For example, I am currently finishing a painting involving a boxer whose legs have been amputated and fused with giant mechanical grasshoppers (to help him skip in the ring). Additionally, two tiny elephant heads are fused to his shoulders, and using the water from his body splash water on his face. This is an ‘improved’ version of the recognizable white water bottles used in the ring. These are two examples specific to the subject, out of many in the overall piece, which show my ‘making’ (reconstruction) of the boxer. I am inspired by the overall body, as well as the individual aspects of it, and how this is so perfectly engineered.

I paint a lot about what we do as humans. I take a lot of inspiration by people’s professions. When you think about it, even in our free time, our careers are what define us in so many ways, we talk about it, we are even questioned on a first date, and we are often remembered by our career when we die.

The word "controlled" in your question is the one I have always struggled to explain. I am not sure where it comes from and why I spend so many hours on details. To help me understand my strange behavior toward tiny details is that I say to myself that the best car prototypes always take years to achieve, so it makes me feel better! The only answer I can find is that the subjects I create have to be perfectly engineered and rendered. Therefore this perfection, this controlled environment of my paintings, needs to be controlled by its creator. Think of a mad scientist. I guess I would be a mad ‘scientartist’. Everything must have its place. Every piece of the larger work must be eloquently drawn to fuse properly into the next. By doing this I create a flow that connects all random, obscene, and conflicting details.
I do write essays about my work when I get a chance, I feel that it is important, sometimes the essays are not made public, I know that whenever a piece sells, I often get a request from the new owner to write about the piece, I do it gladly. Writing about a piece in length after its creation is a great time to decompress.

BS: Jerome, tell us about your studio. Where do you work? What conditions must you have in order to create?

JP: I live and work in my studio in Montreal, Quebec, Canada. My conditions in terms of working is a lot of music, books and a TV playing with lots of films , that I watch over and over again. I have an old dining room table that I paint on. I work on a flat surface, no easel. I paint my largest canvases by propping them against the wall and painting them standing up.

BS: Jerome, what projects are you working on at this time as far as your personal art is concerned?

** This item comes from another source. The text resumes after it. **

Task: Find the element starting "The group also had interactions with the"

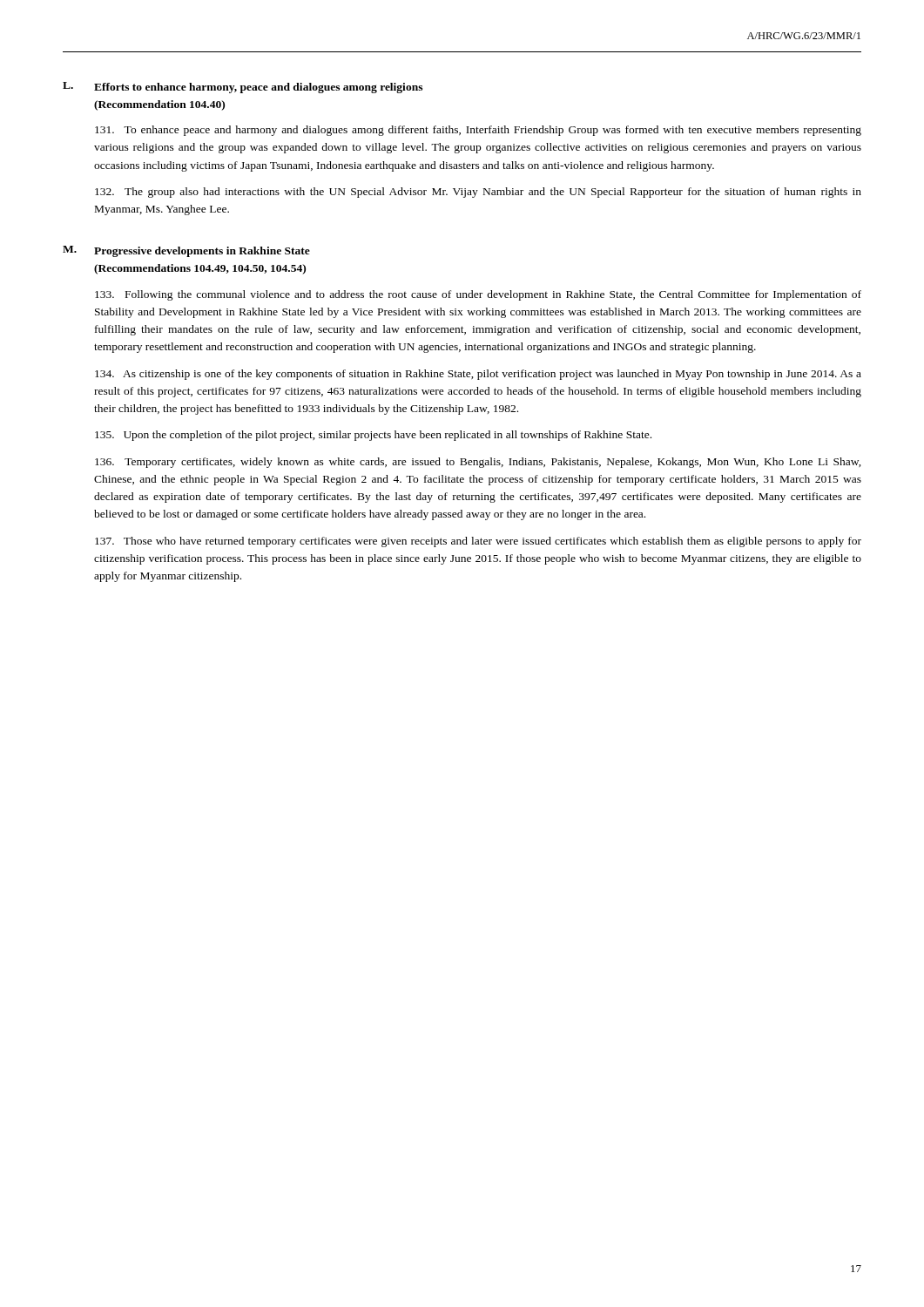Action: tap(478, 199)

JP: I am currently working on a piece that will be shown at Yves Laroche galerie in Montreal for a group show called Sweet Calvares in October. It is about my hate for the KKKs. This exhibit is around the theme of celebrating death and I have decided to paint my own pay-back to the @**%^^&# KKK and the damages they have done. It is simultaneously political and factual. I love painting it. I knew I would do this piece or one similar to it eventually, and it should be done in about a month… or so. Then, I have a few group exhibits here and there in Canada and the USA. When the Laroche show is over, I will be starting a new series of paintings, with the goal of a solo show. Not sure where it will be yet, but I have not had one since 2005 and I already miss it!

BS: Finally, is there anything else you would like to say about your art or the artworld?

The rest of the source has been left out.